> [EXERCISE PROMPT]:
From the data below, set down exactly the lines between the one holding "Now every longan." and the one holding "3. waffle [268,444,428,479]", inclusive, and no others.

(Collected data)
◇ ◇ ◇ ◇ ◇ ◇ ◇
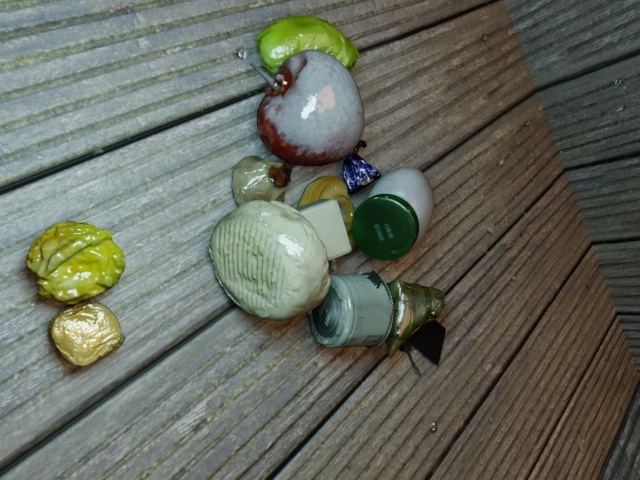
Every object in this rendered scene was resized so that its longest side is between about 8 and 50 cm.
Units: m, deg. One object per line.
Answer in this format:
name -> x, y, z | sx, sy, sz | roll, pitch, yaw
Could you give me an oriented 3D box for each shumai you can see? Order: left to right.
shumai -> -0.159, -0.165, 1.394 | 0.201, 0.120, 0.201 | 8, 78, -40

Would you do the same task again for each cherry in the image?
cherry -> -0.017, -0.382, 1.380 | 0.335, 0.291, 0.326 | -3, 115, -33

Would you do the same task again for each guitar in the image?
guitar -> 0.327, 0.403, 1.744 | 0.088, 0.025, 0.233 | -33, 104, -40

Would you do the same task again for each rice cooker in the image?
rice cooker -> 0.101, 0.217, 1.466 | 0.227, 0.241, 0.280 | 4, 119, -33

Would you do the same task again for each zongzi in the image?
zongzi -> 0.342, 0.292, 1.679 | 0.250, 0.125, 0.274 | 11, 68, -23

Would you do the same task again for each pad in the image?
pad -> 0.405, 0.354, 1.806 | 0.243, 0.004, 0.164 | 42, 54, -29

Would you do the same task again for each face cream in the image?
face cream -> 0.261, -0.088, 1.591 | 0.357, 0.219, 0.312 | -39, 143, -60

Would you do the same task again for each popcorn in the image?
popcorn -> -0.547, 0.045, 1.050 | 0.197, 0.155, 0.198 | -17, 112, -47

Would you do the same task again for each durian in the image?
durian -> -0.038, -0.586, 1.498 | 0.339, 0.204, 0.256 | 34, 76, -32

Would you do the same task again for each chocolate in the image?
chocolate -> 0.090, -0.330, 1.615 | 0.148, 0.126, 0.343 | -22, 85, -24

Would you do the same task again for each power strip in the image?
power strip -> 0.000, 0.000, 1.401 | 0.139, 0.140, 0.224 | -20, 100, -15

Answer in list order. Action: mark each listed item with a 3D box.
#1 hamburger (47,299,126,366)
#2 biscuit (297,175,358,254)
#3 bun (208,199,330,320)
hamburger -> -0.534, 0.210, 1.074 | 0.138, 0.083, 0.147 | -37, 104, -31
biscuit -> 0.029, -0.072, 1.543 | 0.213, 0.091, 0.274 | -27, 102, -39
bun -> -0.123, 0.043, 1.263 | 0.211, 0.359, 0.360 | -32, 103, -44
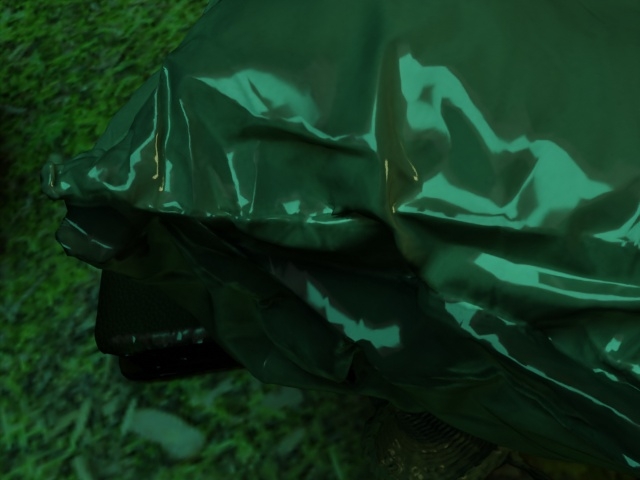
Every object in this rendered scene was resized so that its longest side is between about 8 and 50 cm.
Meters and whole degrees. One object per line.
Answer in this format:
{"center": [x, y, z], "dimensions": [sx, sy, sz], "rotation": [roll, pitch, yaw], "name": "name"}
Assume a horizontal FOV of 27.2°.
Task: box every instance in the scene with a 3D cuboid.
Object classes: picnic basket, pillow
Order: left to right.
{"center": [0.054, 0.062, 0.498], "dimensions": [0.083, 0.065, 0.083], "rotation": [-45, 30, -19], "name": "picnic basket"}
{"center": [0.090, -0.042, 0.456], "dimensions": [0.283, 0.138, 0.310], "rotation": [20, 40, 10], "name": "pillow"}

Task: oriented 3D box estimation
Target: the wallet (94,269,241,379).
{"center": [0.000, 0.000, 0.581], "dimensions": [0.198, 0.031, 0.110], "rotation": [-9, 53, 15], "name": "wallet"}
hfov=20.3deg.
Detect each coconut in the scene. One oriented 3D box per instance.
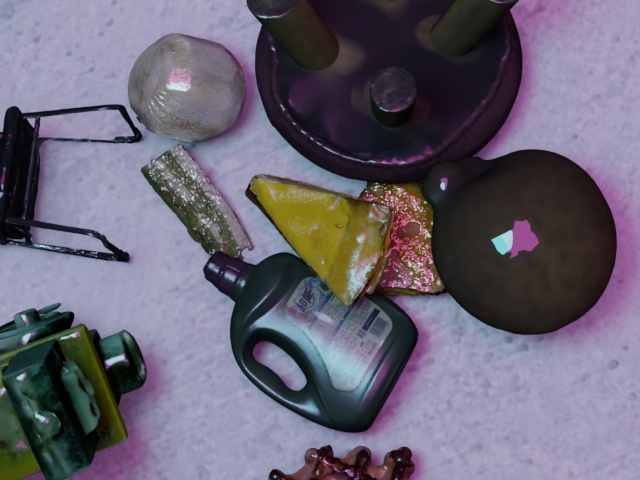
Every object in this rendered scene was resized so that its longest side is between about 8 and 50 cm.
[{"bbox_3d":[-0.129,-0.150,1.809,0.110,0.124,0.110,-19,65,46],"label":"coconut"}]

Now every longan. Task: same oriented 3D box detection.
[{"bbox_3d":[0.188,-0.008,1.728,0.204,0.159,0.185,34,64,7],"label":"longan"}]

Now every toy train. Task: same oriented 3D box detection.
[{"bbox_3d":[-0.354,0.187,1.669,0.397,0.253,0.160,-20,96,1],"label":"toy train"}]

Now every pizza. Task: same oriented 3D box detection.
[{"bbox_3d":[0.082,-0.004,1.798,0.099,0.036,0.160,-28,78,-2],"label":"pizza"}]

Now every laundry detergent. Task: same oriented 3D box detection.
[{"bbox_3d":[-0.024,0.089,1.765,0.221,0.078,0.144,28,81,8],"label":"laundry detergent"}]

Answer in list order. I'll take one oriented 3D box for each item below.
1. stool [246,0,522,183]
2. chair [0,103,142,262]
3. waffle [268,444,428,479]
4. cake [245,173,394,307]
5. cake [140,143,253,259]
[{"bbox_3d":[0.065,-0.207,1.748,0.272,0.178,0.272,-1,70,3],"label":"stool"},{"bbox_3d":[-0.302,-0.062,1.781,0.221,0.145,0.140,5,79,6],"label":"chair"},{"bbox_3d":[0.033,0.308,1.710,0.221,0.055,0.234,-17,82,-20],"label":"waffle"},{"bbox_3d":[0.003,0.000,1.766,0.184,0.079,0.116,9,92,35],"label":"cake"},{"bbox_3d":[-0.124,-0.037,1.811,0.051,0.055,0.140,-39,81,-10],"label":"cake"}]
◇ ◇ ◇ ◇ ◇ ◇ ◇
> [EXPECTED ANSWER]:
Now every longan. Task: same oriented 3D box detection.
[{"bbox_3d":[0.188,-0.008,1.728,0.204,0.159,0.185,34,64,7],"label":"longan"}]

Now every toy train. Task: same oriented 3D box detection.
[{"bbox_3d":[-0.354,0.187,1.669,0.397,0.253,0.160,-20,96,1],"label":"toy train"}]

Now every pizza. Task: same oriented 3D box detection.
[{"bbox_3d":[0.082,-0.004,1.798,0.099,0.036,0.160,-28,78,-2],"label":"pizza"}]

Now every laundry detergent. Task: same oriented 3D box detection.
[{"bbox_3d":[-0.024,0.089,1.765,0.221,0.078,0.144,28,81,8],"label":"laundry detergent"}]

Answer in list order. I'll take one oriented 3D box for each item below.
1. stool [246,0,522,183]
2. chair [0,103,142,262]
3. waffle [268,444,428,479]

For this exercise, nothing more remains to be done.